U.S. regulators have now learned that the phrase “PBR” does not necessarily imply a simple, forever, dynamic price-cap mechanism. Instead, a dynamic price-cap mechanism should be thought of as one component of a comprehensive PBR mechanism. With uncertainty, asymmetric information, moral hazard, rent-extraction goals, budget-balance constraints, etc., a simple forever price-cap mechanism for electricity distribution and transmission companies is optimal only under a very stringent and implausible set of assumptions.

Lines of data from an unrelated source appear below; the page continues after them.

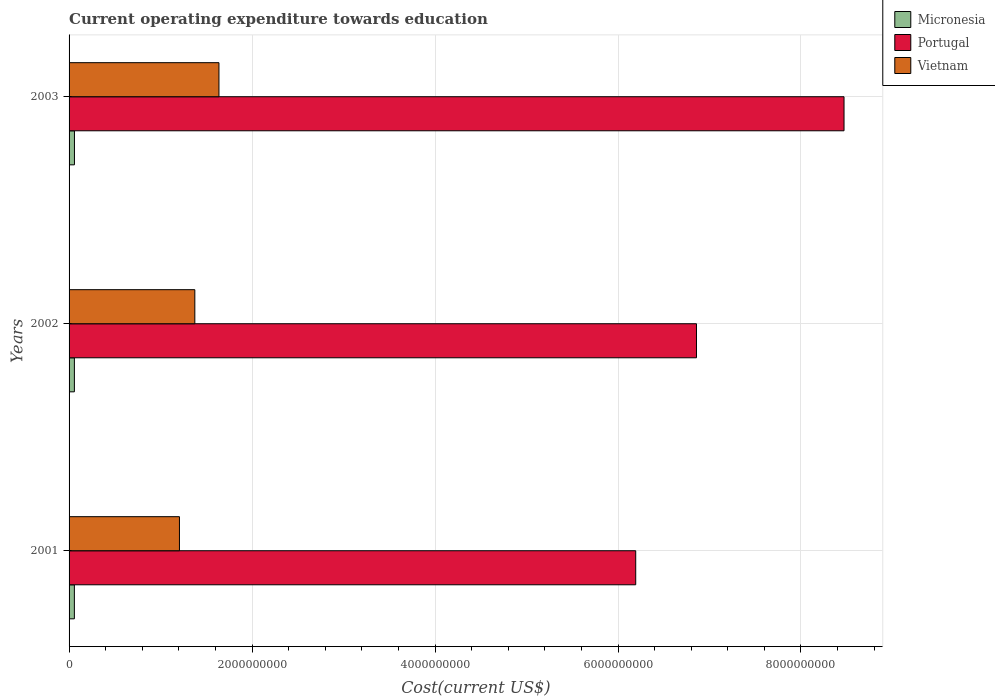How many different coloured bars are there?
Your answer should be very brief. 3. How many groups of bars are there?
Make the answer very short. 3. Are the number of bars on each tick of the Y-axis equal?
Provide a short and direct response. Yes. How many bars are there on the 3rd tick from the top?
Give a very brief answer. 3. What is the expenditure towards education in Micronesia in 2002?
Give a very brief answer. 5.82e+07. Across all years, what is the maximum expenditure towards education in Micronesia?
Make the answer very short. 5.89e+07. Across all years, what is the minimum expenditure towards education in Micronesia?
Offer a terse response. 5.80e+07. In which year was the expenditure towards education in Micronesia minimum?
Keep it short and to the point. 2001. What is the total expenditure towards education in Micronesia in the graph?
Offer a very short reply. 1.75e+08. What is the difference between the expenditure towards education in Portugal in 2001 and that in 2003?
Give a very brief answer. -2.28e+09. What is the difference between the expenditure towards education in Portugal in 2003 and the expenditure towards education in Micronesia in 2002?
Your response must be concise. 8.41e+09. What is the average expenditure towards education in Portugal per year?
Ensure brevity in your answer.  7.17e+09. In the year 2003, what is the difference between the expenditure towards education in Micronesia and expenditure towards education in Vietnam?
Offer a terse response. -1.58e+09. What is the ratio of the expenditure towards education in Portugal in 2001 to that in 2002?
Keep it short and to the point. 0.9. Is the expenditure towards education in Vietnam in 2001 less than that in 2003?
Your response must be concise. Yes. What is the difference between the highest and the second highest expenditure towards education in Micronesia?
Your response must be concise. 7.07e+05. What is the difference between the highest and the lowest expenditure towards education in Vietnam?
Ensure brevity in your answer.  4.32e+08. What does the 2nd bar from the top in 2003 represents?
Provide a short and direct response. Portugal. What does the 2nd bar from the bottom in 2003 represents?
Your answer should be compact. Portugal. Is it the case that in every year, the sum of the expenditure towards education in Vietnam and expenditure towards education in Portugal is greater than the expenditure towards education in Micronesia?
Your answer should be compact. Yes. Are all the bars in the graph horizontal?
Provide a short and direct response. Yes. How many years are there in the graph?
Provide a succinct answer. 3. How are the legend labels stacked?
Offer a very short reply. Vertical. What is the title of the graph?
Your answer should be very brief. Current operating expenditure towards education. What is the label or title of the X-axis?
Give a very brief answer. Cost(current US$). What is the Cost(current US$) in Micronesia in 2001?
Offer a terse response. 5.80e+07. What is the Cost(current US$) in Portugal in 2001?
Offer a very short reply. 6.19e+09. What is the Cost(current US$) in Vietnam in 2001?
Offer a terse response. 1.21e+09. What is the Cost(current US$) of Micronesia in 2002?
Give a very brief answer. 5.82e+07. What is the Cost(current US$) of Portugal in 2002?
Your response must be concise. 6.86e+09. What is the Cost(current US$) in Vietnam in 2002?
Give a very brief answer. 1.37e+09. What is the Cost(current US$) in Micronesia in 2003?
Offer a terse response. 5.89e+07. What is the Cost(current US$) in Portugal in 2003?
Offer a terse response. 8.47e+09. What is the Cost(current US$) in Vietnam in 2003?
Ensure brevity in your answer.  1.64e+09. Across all years, what is the maximum Cost(current US$) of Micronesia?
Provide a short and direct response. 5.89e+07. Across all years, what is the maximum Cost(current US$) in Portugal?
Provide a short and direct response. 8.47e+09. Across all years, what is the maximum Cost(current US$) in Vietnam?
Make the answer very short. 1.64e+09. Across all years, what is the minimum Cost(current US$) of Micronesia?
Keep it short and to the point. 5.80e+07. Across all years, what is the minimum Cost(current US$) of Portugal?
Provide a succinct answer. 6.19e+09. Across all years, what is the minimum Cost(current US$) in Vietnam?
Your answer should be compact. 1.21e+09. What is the total Cost(current US$) of Micronesia in the graph?
Offer a terse response. 1.75e+08. What is the total Cost(current US$) of Portugal in the graph?
Provide a succinct answer. 2.15e+1. What is the total Cost(current US$) in Vietnam in the graph?
Your answer should be compact. 4.22e+09. What is the difference between the Cost(current US$) of Micronesia in 2001 and that in 2002?
Ensure brevity in your answer.  -2.28e+05. What is the difference between the Cost(current US$) of Portugal in 2001 and that in 2002?
Provide a succinct answer. -6.64e+08. What is the difference between the Cost(current US$) in Vietnam in 2001 and that in 2002?
Your response must be concise. -1.68e+08. What is the difference between the Cost(current US$) in Micronesia in 2001 and that in 2003?
Make the answer very short. -9.35e+05. What is the difference between the Cost(current US$) of Portugal in 2001 and that in 2003?
Your answer should be very brief. -2.28e+09. What is the difference between the Cost(current US$) in Vietnam in 2001 and that in 2003?
Provide a succinct answer. -4.32e+08. What is the difference between the Cost(current US$) in Micronesia in 2002 and that in 2003?
Keep it short and to the point. -7.07e+05. What is the difference between the Cost(current US$) of Portugal in 2002 and that in 2003?
Provide a succinct answer. -1.61e+09. What is the difference between the Cost(current US$) of Vietnam in 2002 and that in 2003?
Your answer should be compact. -2.64e+08. What is the difference between the Cost(current US$) in Micronesia in 2001 and the Cost(current US$) in Portugal in 2002?
Your answer should be compact. -6.80e+09. What is the difference between the Cost(current US$) in Micronesia in 2001 and the Cost(current US$) in Vietnam in 2002?
Your response must be concise. -1.32e+09. What is the difference between the Cost(current US$) of Portugal in 2001 and the Cost(current US$) of Vietnam in 2002?
Provide a succinct answer. 4.82e+09. What is the difference between the Cost(current US$) in Micronesia in 2001 and the Cost(current US$) in Portugal in 2003?
Ensure brevity in your answer.  -8.41e+09. What is the difference between the Cost(current US$) of Micronesia in 2001 and the Cost(current US$) of Vietnam in 2003?
Your response must be concise. -1.58e+09. What is the difference between the Cost(current US$) in Portugal in 2001 and the Cost(current US$) in Vietnam in 2003?
Your answer should be compact. 4.56e+09. What is the difference between the Cost(current US$) of Micronesia in 2002 and the Cost(current US$) of Portugal in 2003?
Offer a terse response. -8.41e+09. What is the difference between the Cost(current US$) of Micronesia in 2002 and the Cost(current US$) of Vietnam in 2003?
Provide a succinct answer. -1.58e+09. What is the difference between the Cost(current US$) of Portugal in 2002 and the Cost(current US$) of Vietnam in 2003?
Make the answer very short. 5.22e+09. What is the average Cost(current US$) in Micronesia per year?
Offer a terse response. 5.83e+07. What is the average Cost(current US$) of Portugal per year?
Offer a very short reply. 7.17e+09. What is the average Cost(current US$) of Vietnam per year?
Provide a succinct answer. 1.41e+09. In the year 2001, what is the difference between the Cost(current US$) in Micronesia and Cost(current US$) in Portugal?
Offer a very short reply. -6.14e+09. In the year 2001, what is the difference between the Cost(current US$) of Micronesia and Cost(current US$) of Vietnam?
Give a very brief answer. -1.15e+09. In the year 2001, what is the difference between the Cost(current US$) in Portugal and Cost(current US$) in Vietnam?
Ensure brevity in your answer.  4.99e+09. In the year 2002, what is the difference between the Cost(current US$) in Micronesia and Cost(current US$) in Portugal?
Provide a short and direct response. -6.80e+09. In the year 2002, what is the difference between the Cost(current US$) of Micronesia and Cost(current US$) of Vietnam?
Offer a very short reply. -1.32e+09. In the year 2002, what is the difference between the Cost(current US$) in Portugal and Cost(current US$) in Vietnam?
Offer a very short reply. 5.48e+09. In the year 2003, what is the difference between the Cost(current US$) of Micronesia and Cost(current US$) of Portugal?
Provide a short and direct response. -8.41e+09. In the year 2003, what is the difference between the Cost(current US$) of Micronesia and Cost(current US$) of Vietnam?
Make the answer very short. -1.58e+09. In the year 2003, what is the difference between the Cost(current US$) in Portugal and Cost(current US$) in Vietnam?
Offer a terse response. 6.83e+09. What is the ratio of the Cost(current US$) of Micronesia in 2001 to that in 2002?
Offer a terse response. 1. What is the ratio of the Cost(current US$) in Portugal in 2001 to that in 2002?
Offer a very short reply. 0.9. What is the ratio of the Cost(current US$) of Vietnam in 2001 to that in 2002?
Offer a very short reply. 0.88. What is the ratio of the Cost(current US$) in Micronesia in 2001 to that in 2003?
Ensure brevity in your answer.  0.98. What is the ratio of the Cost(current US$) of Portugal in 2001 to that in 2003?
Provide a succinct answer. 0.73. What is the ratio of the Cost(current US$) of Vietnam in 2001 to that in 2003?
Provide a succinct answer. 0.74. What is the ratio of the Cost(current US$) in Portugal in 2002 to that in 2003?
Your answer should be compact. 0.81. What is the ratio of the Cost(current US$) of Vietnam in 2002 to that in 2003?
Offer a terse response. 0.84. What is the difference between the highest and the second highest Cost(current US$) in Micronesia?
Give a very brief answer. 7.07e+05. What is the difference between the highest and the second highest Cost(current US$) in Portugal?
Your answer should be very brief. 1.61e+09. What is the difference between the highest and the second highest Cost(current US$) in Vietnam?
Ensure brevity in your answer.  2.64e+08. What is the difference between the highest and the lowest Cost(current US$) in Micronesia?
Provide a short and direct response. 9.35e+05. What is the difference between the highest and the lowest Cost(current US$) of Portugal?
Provide a short and direct response. 2.28e+09. What is the difference between the highest and the lowest Cost(current US$) of Vietnam?
Make the answer very short. 4.32e+08.

These considerations naturally lead to ratchets, performance benchmarking, profit-sharing mechanisms, menus of contracts, quality incentives, and targeted incentives that are consistent with the broader set of policy goals beyond prices and costs. That’s what the theoretical literature teaches us. Equating PBR with a simple dynamic price cap was just a mistake from the perspective of selling PBR to U.S. electricity regulators.

The changes in the responsibilities of distribution companies in the last two decades have made PBR mechanisms more important and potentially more attractive—especially since the resources that state commissions have at their disposal to manage frequent formal rate cases are limited. These changes have also made designing and applying good PBR plans more challenging.

Resource limitations have also made it attractive for state regulatory commissions to learn from each other, to learn from other countries, especially Great Britain, and to rely on a variety of advisors and consultants for education and assistance. State regulatory agencies are now becoming more comfortable with PBR because the packages of PBR initiatives that they are now seeing are better aligned with the regulatory challenges that they face.

On the other hand, the willingness of FERC to consider, design, and apply modern PBR mechanisms to regulate the operation of and investment in transmission networks has been disappointing. The current situation is quite unsatisfactory, and more focused consideration of how FERC regulates and how ISO/RTOs are incentivized should be a priority.

There is an academic literature on this subject that has not attracted adequate attention from policymakers: e.g., Leautier (2000), Vogelsang (2001, 2006) and Hesamzadeh et al. (2018). We can and should draw on this extensive literature to create a better regulatory framework for transmission companies and system operators.